### Task description
Output every line from the beginning of the records through the line that contains "ngx_channel = ngx_processes[s].channel[1];", exactly as it appears.

_ _ _

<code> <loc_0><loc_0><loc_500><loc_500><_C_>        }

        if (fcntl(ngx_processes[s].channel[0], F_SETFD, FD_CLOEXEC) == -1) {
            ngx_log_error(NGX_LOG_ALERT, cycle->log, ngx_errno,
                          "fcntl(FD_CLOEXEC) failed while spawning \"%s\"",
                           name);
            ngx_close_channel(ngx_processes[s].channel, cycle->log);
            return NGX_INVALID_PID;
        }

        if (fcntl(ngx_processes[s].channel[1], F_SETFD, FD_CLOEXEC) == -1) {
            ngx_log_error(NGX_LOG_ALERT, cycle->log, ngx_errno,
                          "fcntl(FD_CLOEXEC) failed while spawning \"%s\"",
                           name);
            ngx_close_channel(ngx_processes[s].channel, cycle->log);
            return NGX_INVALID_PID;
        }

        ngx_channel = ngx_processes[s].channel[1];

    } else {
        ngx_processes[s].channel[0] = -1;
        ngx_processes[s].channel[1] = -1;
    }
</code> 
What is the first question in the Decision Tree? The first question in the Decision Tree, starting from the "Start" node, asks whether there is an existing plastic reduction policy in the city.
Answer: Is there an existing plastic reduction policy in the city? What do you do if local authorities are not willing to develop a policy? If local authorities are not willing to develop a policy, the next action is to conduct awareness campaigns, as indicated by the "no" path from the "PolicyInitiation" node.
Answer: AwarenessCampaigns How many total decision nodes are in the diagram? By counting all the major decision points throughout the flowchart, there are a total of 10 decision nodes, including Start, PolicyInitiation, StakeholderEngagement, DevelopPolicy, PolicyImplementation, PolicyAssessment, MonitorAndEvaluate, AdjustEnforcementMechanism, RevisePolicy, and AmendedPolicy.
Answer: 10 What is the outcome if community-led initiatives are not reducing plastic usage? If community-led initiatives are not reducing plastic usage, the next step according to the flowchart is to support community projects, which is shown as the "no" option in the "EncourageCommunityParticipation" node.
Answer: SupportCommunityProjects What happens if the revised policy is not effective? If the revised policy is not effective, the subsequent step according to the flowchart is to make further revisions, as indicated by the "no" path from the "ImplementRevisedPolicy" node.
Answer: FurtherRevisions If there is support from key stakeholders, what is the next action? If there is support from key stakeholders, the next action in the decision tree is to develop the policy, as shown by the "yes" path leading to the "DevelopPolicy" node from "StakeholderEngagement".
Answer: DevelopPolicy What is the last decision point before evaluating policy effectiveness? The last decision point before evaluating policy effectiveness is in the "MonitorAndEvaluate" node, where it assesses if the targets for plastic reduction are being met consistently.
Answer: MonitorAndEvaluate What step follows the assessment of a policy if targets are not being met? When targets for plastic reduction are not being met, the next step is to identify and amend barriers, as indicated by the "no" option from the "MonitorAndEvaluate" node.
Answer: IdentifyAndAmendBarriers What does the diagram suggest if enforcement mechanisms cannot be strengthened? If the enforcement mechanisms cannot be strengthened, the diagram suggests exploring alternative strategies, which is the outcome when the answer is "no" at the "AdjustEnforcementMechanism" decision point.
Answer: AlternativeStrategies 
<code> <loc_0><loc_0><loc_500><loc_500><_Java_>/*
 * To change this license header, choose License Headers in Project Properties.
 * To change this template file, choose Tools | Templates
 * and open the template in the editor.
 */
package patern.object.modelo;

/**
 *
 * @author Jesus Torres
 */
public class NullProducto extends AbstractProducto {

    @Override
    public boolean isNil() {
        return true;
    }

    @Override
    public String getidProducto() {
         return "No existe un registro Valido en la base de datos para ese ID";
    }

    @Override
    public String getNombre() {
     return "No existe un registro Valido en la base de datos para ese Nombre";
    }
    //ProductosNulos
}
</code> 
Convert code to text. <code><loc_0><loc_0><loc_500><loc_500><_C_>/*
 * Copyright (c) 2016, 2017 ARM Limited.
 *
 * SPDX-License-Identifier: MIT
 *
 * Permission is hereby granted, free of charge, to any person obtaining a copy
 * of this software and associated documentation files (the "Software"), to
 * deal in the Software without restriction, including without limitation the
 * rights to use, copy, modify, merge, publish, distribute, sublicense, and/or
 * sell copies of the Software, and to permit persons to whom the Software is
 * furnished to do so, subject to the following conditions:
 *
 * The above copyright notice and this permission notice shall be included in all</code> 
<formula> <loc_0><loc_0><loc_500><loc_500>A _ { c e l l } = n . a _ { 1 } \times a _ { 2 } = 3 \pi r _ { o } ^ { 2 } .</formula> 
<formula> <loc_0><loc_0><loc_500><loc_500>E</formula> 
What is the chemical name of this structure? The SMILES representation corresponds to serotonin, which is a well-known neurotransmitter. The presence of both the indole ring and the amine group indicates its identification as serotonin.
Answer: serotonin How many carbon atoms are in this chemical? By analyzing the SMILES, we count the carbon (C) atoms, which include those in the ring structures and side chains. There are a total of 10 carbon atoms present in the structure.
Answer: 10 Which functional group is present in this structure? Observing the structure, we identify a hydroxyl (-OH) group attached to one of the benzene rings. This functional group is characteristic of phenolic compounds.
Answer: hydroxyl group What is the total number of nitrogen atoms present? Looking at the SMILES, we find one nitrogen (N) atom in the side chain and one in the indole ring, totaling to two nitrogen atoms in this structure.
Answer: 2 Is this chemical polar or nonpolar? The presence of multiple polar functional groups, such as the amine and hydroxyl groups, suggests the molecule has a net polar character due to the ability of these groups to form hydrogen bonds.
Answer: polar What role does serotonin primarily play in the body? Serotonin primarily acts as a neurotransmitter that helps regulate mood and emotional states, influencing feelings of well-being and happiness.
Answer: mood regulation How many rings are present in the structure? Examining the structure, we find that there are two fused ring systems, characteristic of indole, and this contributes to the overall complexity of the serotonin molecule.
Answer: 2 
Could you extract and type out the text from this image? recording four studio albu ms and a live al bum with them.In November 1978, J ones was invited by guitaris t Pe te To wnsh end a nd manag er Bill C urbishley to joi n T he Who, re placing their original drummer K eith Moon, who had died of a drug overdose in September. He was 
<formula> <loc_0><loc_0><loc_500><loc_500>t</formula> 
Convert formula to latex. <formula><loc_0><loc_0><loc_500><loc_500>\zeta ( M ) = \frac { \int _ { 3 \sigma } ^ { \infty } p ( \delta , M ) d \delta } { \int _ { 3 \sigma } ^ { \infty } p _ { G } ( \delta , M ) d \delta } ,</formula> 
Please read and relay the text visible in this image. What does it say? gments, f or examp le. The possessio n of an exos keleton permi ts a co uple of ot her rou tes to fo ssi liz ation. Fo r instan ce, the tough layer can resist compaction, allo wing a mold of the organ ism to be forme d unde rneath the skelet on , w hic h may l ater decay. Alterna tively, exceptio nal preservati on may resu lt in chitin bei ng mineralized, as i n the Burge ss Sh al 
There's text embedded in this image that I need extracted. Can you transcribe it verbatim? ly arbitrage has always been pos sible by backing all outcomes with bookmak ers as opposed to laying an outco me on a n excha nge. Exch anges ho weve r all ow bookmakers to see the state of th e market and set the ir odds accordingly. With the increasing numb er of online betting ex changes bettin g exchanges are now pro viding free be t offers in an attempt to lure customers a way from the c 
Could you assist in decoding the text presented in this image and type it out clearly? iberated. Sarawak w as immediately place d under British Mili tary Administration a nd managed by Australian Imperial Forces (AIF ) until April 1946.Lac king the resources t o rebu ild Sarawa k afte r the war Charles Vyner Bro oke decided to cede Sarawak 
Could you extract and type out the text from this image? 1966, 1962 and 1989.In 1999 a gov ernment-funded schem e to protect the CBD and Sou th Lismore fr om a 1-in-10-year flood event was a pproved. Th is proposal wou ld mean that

_ _ _

### Response
<code> <loc_0><loc_0><loc_500><loc_500><_C_>        }

        if (fcntl(ngx_processes[s].channel[0], F_SETFD, FD_CLOEXEC) == -1) {
            ngx_log_error(NGX_LOG_ALERT, cycle->log, ngx_errno,
                          "fcntl(FD_CLOEXEC) failed while spawning \"%s\"",
                           name);
            ngx_close_channel(ngx_processes[s].channel, cycle->log);
            return NGX_INVALID_PID;
        }

        if (fcntl(ngx_processes[s].channel[1], F_SETFD, FD_CLOEXEC) == -1) {
            ngx_log_error(NGX_LOG_ALERT, cycle->log, ngx_errno,
                          "fcntl(FD_CLOEXEC) failed while spawning \"%s\"",
                           name);
            ngx_close_channel(ngx_processes[s].channel, cycle->log);
            return NGX_INVALID_PID;
        }

        ngx_channel = ngx_processes[s].channel[1];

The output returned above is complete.